Tracey Hayes reflects on the cultural inflections of extinction in her most recent PhD chapter.
First edition of Béaloideas Journal, June 1927.

As Greg Garrard has noted, one of the tasks of ecocritical scholarship is to study the rhetorical devices used in the construction and representation of ecological issues in literature and other forms of cultural media.1 My current working chapter studies the rhetoric of extinction in Irish tradition over the past century, with particular reference to the work of the Irish Folklore Commission (An Coimisúin Béaloideasa Éireann) whose collecting work carried out from 1935 to 1970 has resulted in the archive known today as the National Folklore Collection. 

For the Commission extinction was primarily understood as a cultural phenomenon.
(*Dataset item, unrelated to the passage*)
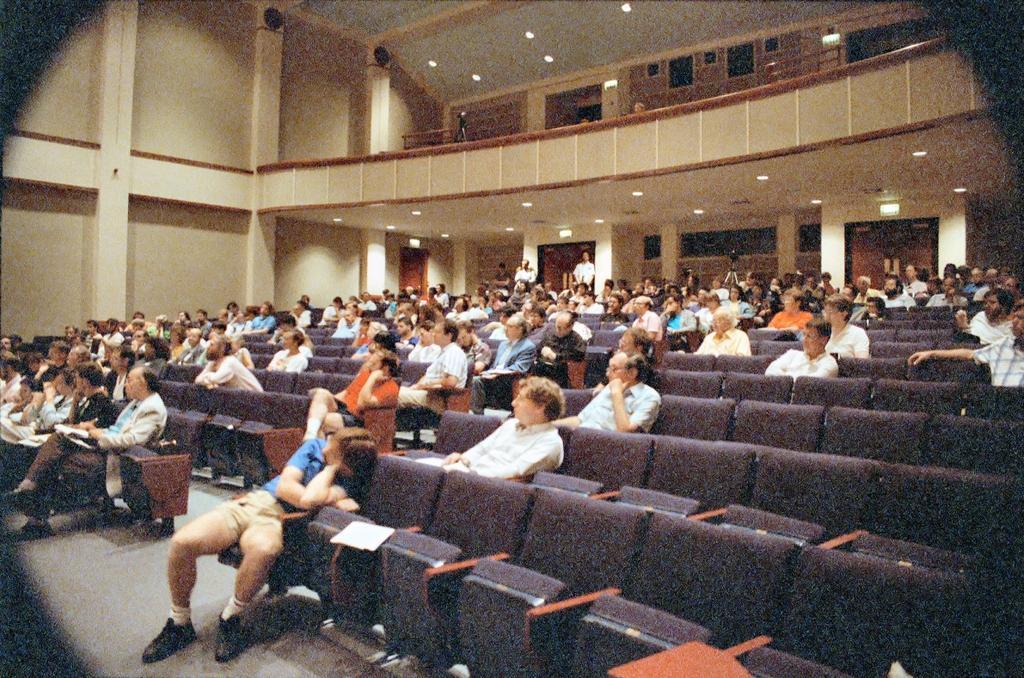Please provide a concise description of this image. As we can see in the image there is a wall and few people sitting here and there on chairs.

If we consult the Handbook of Irish Folklore (a text central to the collecting and archival work of the Commission), the only references to ‘extinction’ relate to cultural traditions including ‘patterns’ (local festivals celebrated in honour of the patron saint), personal names, and ‘shebeens’ (illicit drinking establishments).2 Though various ecological species had become extinct in Ireland by the time the Commission was founded - including bears, wolves, and eagles for example - the term ‘extinction’ only appears in relation to cultural as opposed to ecological phenomena. 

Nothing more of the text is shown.